[Dataset excerpts]
================

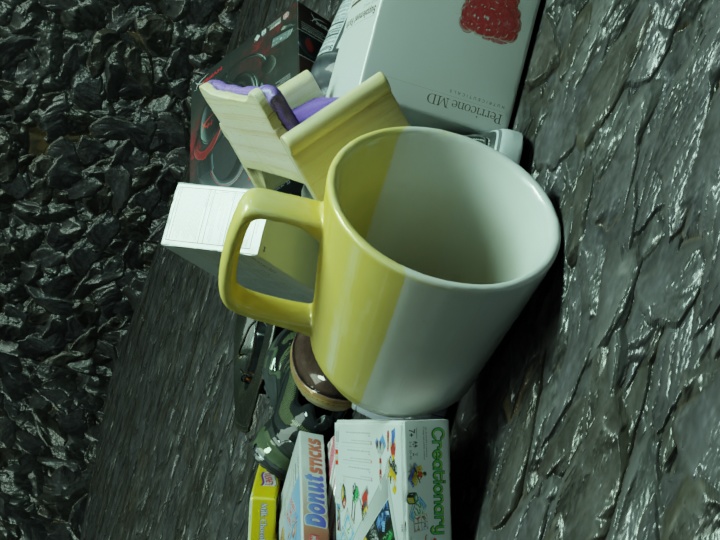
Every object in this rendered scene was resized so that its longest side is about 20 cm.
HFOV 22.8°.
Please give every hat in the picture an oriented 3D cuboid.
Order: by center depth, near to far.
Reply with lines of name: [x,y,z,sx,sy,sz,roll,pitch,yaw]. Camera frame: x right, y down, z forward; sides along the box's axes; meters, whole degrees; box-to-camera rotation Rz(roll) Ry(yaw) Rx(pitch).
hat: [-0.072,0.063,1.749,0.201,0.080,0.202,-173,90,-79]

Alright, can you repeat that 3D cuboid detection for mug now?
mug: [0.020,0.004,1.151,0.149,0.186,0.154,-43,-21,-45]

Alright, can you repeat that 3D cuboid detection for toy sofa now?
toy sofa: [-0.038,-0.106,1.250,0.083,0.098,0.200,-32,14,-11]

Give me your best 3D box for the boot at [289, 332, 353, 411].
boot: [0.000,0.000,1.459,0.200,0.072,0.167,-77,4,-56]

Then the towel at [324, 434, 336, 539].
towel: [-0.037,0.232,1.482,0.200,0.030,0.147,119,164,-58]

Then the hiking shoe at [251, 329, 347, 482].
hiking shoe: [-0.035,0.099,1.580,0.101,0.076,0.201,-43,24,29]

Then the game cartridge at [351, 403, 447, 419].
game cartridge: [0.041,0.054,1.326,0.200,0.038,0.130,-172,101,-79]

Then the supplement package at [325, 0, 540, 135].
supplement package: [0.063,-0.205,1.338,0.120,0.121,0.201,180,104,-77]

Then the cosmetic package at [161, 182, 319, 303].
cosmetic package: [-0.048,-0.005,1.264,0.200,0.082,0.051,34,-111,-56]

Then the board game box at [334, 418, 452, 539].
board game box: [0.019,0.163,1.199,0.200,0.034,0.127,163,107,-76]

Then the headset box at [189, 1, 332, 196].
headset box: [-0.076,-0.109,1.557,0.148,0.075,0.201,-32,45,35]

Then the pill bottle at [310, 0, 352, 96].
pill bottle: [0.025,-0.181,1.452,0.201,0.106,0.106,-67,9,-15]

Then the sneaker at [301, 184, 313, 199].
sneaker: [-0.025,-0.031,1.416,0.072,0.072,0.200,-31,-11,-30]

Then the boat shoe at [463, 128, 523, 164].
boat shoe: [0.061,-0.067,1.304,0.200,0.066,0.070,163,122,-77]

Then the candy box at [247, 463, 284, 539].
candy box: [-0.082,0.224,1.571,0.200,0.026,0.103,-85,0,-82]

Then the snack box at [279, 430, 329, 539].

================

**Work task:** Can you quote exactly the lines from the one containing "Then the candy box at [247, 463, 284, 539]." through the last line of the records above, and nothing else?

**Answer section:**
Then the candy box at [247, 463, 284, 539].
candy box: [-0.082,0.224,1.571,0.200,0.026,0.103,-85,0,-82]

Then the snack box at [279, 430, 329, 539].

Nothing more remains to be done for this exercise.